YOUR OBJECTIVE
Counting every line in the records below that holds "高电平至", give the total and add nothing.
• • •
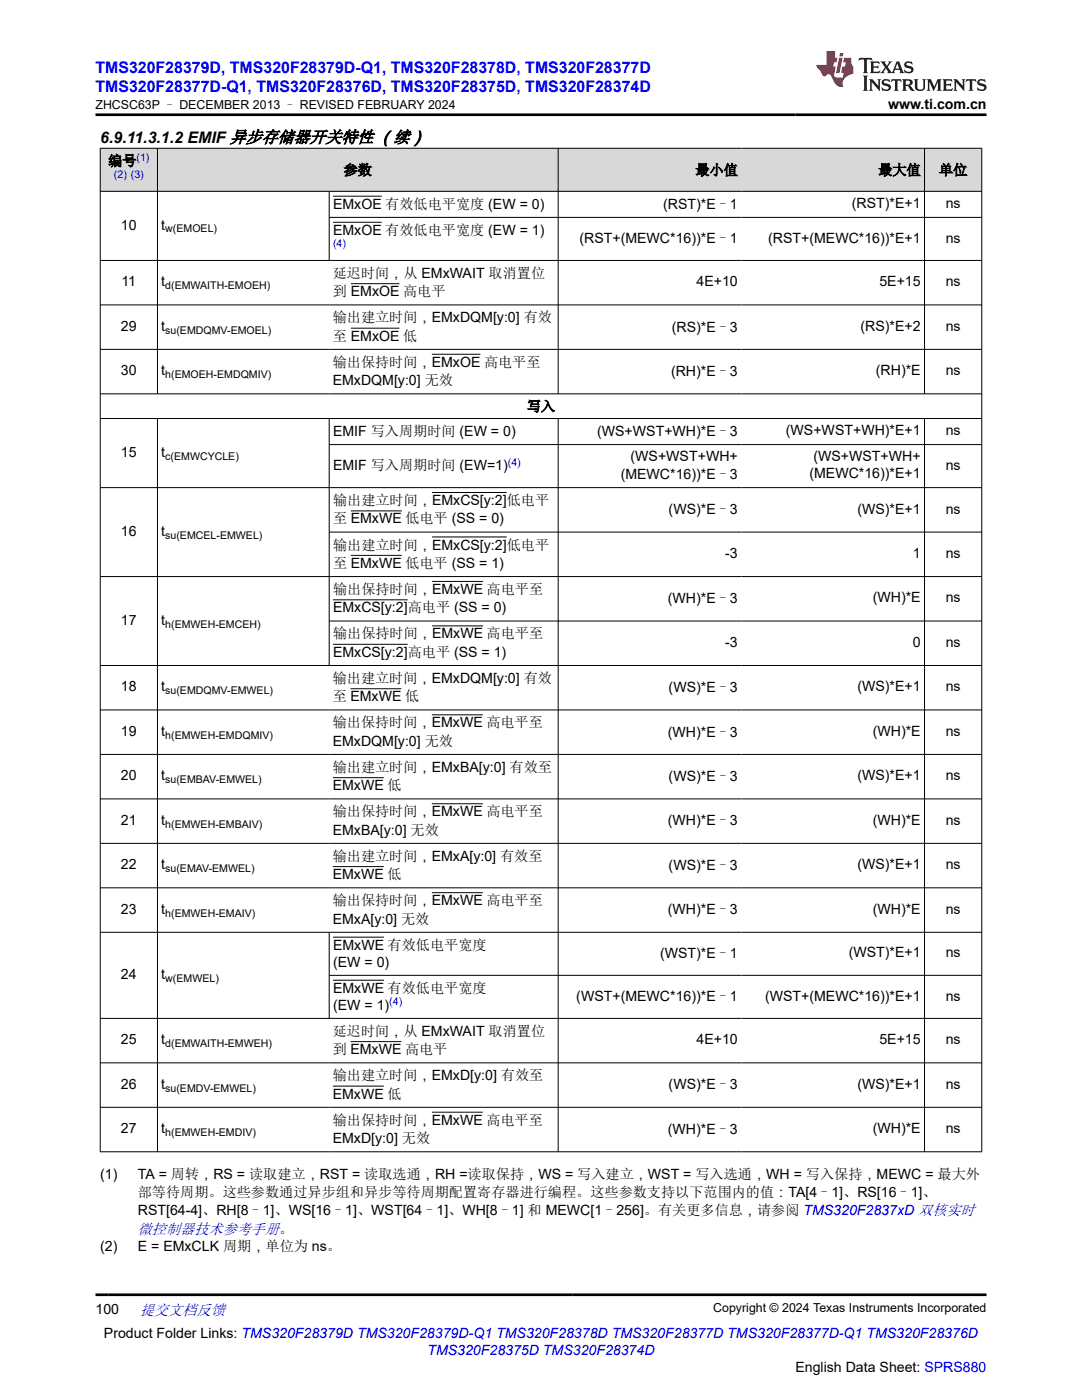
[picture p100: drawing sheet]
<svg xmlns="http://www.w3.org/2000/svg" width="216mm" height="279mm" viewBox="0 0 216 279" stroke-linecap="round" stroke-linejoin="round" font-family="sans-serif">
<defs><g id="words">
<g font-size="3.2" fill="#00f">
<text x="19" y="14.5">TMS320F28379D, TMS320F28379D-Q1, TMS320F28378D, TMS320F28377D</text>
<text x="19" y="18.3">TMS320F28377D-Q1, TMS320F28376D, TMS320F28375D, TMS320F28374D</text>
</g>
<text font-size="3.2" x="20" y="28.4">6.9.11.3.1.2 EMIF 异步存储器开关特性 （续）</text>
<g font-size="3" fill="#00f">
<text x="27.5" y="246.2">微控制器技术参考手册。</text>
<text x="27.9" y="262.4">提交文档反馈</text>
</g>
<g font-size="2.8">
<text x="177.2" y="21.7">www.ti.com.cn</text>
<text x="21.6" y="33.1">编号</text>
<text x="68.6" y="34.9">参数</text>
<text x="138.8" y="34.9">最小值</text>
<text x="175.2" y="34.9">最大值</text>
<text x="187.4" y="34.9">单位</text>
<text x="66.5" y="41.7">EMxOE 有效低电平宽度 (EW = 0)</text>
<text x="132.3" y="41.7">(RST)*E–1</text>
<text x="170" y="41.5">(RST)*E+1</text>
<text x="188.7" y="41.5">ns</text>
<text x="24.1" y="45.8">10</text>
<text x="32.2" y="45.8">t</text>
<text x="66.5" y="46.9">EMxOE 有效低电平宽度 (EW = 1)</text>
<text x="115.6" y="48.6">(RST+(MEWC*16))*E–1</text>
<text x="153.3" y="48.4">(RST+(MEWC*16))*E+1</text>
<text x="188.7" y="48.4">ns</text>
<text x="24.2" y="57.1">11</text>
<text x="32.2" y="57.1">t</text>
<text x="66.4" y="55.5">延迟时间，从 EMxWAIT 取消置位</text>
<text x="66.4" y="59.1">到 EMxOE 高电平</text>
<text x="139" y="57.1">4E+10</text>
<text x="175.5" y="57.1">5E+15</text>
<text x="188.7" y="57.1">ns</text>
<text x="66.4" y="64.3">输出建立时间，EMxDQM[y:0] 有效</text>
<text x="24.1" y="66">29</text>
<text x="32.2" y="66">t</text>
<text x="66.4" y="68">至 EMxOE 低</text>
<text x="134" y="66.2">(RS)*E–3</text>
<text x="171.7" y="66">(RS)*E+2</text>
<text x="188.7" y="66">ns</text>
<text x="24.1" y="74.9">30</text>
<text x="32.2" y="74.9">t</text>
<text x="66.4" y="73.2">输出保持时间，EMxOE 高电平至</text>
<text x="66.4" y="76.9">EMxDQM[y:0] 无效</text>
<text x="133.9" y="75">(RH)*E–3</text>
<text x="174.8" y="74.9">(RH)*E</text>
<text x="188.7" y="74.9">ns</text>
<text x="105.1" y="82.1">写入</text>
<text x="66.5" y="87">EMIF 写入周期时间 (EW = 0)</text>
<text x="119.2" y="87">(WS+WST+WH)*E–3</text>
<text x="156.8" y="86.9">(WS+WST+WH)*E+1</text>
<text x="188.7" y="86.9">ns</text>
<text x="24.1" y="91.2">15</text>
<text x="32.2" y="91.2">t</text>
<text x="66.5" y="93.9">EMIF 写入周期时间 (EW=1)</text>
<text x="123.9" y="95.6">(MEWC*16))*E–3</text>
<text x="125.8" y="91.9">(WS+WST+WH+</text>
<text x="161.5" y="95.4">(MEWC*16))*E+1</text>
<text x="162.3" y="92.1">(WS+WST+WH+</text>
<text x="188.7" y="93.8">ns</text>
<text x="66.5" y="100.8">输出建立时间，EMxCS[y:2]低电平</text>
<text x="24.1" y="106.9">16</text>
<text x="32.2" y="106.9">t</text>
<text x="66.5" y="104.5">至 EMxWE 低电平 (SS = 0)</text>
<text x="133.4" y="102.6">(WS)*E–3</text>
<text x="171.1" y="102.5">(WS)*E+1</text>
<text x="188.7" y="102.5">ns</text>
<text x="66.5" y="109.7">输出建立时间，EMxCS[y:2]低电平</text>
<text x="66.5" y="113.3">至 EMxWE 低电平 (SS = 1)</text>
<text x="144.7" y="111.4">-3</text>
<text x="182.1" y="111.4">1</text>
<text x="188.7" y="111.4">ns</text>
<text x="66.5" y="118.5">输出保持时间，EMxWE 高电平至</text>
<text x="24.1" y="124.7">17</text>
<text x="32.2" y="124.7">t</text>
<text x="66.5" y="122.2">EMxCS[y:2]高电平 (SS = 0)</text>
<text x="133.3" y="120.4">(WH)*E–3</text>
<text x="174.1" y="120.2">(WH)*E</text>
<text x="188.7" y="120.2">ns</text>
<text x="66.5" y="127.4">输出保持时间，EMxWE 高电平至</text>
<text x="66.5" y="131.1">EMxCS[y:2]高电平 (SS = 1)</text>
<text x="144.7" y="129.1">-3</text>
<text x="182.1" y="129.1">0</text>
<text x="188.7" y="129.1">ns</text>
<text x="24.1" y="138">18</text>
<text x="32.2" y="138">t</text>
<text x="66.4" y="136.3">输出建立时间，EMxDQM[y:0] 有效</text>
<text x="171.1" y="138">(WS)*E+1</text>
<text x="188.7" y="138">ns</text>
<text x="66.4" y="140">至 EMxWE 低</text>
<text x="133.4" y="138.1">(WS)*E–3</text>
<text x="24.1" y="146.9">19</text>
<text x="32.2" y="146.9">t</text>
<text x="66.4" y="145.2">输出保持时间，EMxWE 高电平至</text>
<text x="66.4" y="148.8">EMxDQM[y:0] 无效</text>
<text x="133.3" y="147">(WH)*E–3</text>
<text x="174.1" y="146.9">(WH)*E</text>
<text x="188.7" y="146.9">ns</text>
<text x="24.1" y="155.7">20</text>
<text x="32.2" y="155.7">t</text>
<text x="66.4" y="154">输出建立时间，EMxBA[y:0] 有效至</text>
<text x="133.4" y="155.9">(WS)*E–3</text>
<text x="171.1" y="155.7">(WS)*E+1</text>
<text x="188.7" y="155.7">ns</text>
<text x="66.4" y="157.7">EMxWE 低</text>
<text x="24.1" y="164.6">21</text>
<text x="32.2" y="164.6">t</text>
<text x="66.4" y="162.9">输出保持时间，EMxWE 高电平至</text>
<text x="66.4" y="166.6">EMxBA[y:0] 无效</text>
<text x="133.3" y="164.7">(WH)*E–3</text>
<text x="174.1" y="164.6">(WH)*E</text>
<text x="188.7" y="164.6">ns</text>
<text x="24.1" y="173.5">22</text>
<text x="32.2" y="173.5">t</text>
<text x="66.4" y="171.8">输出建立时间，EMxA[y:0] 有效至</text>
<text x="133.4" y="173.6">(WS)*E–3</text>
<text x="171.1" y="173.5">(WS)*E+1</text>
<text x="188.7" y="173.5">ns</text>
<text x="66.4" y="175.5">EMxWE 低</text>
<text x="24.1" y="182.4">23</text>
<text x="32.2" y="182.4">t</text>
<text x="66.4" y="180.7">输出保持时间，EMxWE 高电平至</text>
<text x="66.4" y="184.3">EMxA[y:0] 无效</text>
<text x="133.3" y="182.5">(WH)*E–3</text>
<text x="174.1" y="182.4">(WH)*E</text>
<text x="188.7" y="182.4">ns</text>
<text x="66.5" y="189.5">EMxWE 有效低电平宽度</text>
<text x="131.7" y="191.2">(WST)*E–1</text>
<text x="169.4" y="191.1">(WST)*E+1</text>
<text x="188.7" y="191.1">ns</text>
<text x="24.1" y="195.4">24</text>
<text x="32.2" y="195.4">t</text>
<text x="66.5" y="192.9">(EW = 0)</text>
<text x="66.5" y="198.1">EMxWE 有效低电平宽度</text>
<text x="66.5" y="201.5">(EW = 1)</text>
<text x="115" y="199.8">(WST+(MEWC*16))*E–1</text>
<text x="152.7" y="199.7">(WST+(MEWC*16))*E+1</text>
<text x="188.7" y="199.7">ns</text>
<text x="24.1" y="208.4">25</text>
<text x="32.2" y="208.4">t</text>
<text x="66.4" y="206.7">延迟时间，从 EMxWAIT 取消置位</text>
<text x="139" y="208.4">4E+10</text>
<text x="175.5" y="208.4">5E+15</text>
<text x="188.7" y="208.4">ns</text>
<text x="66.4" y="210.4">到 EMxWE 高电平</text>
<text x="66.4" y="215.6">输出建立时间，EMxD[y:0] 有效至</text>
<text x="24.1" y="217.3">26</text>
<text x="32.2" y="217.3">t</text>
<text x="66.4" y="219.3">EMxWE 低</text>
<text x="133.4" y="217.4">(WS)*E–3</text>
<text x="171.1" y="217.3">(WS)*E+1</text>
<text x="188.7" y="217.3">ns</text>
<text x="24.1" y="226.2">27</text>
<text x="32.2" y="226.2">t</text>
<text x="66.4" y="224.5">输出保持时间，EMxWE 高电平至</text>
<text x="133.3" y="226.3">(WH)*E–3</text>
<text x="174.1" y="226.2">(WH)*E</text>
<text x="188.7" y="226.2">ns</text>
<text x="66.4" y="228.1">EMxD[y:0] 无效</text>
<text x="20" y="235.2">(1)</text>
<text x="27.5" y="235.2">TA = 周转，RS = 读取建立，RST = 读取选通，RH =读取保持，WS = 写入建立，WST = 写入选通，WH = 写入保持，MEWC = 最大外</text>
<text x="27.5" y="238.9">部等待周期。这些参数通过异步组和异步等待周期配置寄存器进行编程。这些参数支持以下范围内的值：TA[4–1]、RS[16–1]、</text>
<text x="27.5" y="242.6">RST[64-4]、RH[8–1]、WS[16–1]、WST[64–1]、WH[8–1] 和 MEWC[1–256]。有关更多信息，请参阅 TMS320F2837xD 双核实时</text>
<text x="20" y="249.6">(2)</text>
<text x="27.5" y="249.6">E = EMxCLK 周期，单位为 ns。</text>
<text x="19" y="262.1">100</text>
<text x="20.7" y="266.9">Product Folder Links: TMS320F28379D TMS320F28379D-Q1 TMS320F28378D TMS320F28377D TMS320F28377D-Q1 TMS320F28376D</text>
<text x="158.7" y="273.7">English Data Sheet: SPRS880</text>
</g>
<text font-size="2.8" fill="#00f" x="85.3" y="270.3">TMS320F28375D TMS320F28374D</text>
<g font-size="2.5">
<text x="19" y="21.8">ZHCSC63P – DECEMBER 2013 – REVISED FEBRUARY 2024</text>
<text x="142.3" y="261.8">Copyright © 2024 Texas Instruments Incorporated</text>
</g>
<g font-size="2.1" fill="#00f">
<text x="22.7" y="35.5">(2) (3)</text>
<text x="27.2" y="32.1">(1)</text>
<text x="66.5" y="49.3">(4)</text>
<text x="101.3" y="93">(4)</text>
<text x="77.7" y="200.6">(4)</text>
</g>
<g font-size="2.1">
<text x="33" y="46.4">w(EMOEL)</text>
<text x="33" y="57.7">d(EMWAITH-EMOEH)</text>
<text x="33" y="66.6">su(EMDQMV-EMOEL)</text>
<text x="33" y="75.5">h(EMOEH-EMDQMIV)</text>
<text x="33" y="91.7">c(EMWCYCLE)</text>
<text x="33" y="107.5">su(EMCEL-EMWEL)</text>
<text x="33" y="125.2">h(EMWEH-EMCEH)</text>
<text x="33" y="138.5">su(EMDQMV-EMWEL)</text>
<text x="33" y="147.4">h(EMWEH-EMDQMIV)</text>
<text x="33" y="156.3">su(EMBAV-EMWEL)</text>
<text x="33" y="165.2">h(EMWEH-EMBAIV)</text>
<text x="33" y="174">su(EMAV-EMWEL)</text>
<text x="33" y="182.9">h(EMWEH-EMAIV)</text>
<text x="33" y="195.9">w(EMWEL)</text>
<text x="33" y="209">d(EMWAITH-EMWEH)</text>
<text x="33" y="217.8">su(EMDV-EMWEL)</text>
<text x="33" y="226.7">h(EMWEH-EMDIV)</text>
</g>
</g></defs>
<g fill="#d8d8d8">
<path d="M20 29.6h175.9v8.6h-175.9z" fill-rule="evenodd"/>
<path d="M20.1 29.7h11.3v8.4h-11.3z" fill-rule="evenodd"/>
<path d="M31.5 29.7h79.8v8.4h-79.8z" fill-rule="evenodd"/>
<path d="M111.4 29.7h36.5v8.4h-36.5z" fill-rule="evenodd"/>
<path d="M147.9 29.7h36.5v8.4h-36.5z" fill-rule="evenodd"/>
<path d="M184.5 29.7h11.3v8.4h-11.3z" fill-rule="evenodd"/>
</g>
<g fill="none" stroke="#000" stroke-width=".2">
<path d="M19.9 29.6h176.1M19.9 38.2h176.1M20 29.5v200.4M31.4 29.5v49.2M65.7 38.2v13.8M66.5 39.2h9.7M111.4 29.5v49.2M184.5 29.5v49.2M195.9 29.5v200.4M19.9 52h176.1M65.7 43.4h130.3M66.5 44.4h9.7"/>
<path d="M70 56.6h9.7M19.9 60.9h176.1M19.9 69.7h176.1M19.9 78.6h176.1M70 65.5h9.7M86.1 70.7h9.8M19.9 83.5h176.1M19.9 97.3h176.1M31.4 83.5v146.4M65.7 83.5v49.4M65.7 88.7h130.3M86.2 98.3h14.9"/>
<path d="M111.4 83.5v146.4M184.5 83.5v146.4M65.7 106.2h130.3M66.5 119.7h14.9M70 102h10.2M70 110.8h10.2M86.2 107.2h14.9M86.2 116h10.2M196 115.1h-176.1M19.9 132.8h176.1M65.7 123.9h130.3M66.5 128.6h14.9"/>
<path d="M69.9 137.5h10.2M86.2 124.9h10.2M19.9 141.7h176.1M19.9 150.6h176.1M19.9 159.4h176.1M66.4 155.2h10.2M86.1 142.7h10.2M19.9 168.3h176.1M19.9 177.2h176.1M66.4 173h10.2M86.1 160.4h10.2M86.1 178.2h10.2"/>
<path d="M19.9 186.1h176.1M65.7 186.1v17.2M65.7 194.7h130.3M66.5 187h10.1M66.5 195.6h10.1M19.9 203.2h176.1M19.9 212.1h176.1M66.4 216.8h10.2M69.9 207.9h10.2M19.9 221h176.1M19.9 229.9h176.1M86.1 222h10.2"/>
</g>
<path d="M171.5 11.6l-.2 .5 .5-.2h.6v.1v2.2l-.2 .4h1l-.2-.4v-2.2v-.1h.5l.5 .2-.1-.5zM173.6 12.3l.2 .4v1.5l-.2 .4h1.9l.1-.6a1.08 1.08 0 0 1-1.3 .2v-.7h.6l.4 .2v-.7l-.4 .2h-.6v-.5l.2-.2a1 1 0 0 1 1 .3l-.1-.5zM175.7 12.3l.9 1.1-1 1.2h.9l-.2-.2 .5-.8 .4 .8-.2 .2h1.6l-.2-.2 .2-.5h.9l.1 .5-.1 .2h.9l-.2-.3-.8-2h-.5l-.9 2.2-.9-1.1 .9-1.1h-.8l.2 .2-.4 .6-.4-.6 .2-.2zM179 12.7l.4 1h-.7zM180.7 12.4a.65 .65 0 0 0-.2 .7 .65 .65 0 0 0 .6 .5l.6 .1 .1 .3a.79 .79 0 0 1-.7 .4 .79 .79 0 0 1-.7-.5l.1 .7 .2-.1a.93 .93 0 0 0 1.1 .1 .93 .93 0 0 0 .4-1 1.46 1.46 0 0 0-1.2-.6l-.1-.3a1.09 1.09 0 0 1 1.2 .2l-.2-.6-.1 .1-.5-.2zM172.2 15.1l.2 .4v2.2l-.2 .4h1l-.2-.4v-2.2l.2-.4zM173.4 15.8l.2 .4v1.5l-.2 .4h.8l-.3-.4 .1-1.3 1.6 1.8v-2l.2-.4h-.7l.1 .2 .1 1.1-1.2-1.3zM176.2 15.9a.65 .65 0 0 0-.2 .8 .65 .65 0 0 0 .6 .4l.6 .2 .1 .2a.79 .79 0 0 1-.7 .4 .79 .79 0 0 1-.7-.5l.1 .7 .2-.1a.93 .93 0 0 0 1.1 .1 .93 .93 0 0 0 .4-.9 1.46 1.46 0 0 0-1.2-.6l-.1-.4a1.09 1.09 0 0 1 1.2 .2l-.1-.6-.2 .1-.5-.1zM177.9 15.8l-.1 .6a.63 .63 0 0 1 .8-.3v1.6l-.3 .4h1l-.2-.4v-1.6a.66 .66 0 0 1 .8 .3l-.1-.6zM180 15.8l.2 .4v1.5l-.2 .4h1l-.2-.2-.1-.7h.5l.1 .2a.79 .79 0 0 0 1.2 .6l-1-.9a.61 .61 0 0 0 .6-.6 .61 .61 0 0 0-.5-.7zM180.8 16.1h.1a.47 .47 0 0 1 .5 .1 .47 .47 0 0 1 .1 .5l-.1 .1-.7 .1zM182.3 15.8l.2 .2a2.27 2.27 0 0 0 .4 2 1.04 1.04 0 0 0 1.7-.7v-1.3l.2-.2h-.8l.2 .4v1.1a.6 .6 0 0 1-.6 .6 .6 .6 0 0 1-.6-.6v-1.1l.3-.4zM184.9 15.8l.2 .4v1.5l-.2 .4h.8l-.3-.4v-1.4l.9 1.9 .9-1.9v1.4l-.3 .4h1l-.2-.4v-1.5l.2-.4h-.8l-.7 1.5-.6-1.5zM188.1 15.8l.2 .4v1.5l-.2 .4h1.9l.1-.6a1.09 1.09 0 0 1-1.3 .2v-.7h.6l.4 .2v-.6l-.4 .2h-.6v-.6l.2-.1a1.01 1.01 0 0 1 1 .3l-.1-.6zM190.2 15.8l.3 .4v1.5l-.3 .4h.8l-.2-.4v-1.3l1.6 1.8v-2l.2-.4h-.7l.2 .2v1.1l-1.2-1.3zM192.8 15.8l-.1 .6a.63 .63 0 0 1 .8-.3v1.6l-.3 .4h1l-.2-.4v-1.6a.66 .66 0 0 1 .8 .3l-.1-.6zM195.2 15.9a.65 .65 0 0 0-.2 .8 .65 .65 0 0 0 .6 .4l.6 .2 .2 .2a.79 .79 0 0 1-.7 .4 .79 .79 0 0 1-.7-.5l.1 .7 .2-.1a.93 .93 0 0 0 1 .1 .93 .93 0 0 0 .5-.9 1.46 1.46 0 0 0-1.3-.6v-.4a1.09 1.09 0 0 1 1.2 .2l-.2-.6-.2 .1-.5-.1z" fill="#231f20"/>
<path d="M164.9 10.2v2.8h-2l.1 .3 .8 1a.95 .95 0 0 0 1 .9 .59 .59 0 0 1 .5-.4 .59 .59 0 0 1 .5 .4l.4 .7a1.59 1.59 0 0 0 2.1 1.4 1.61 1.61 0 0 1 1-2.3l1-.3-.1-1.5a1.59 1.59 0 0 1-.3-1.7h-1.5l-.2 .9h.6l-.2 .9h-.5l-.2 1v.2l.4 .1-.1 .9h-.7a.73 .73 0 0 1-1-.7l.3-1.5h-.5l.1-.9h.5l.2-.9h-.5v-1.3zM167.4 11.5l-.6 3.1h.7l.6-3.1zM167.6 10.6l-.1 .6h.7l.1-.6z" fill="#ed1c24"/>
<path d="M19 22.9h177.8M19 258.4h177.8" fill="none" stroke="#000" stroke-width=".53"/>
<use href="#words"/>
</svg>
• • •
TASK OUTPUT
7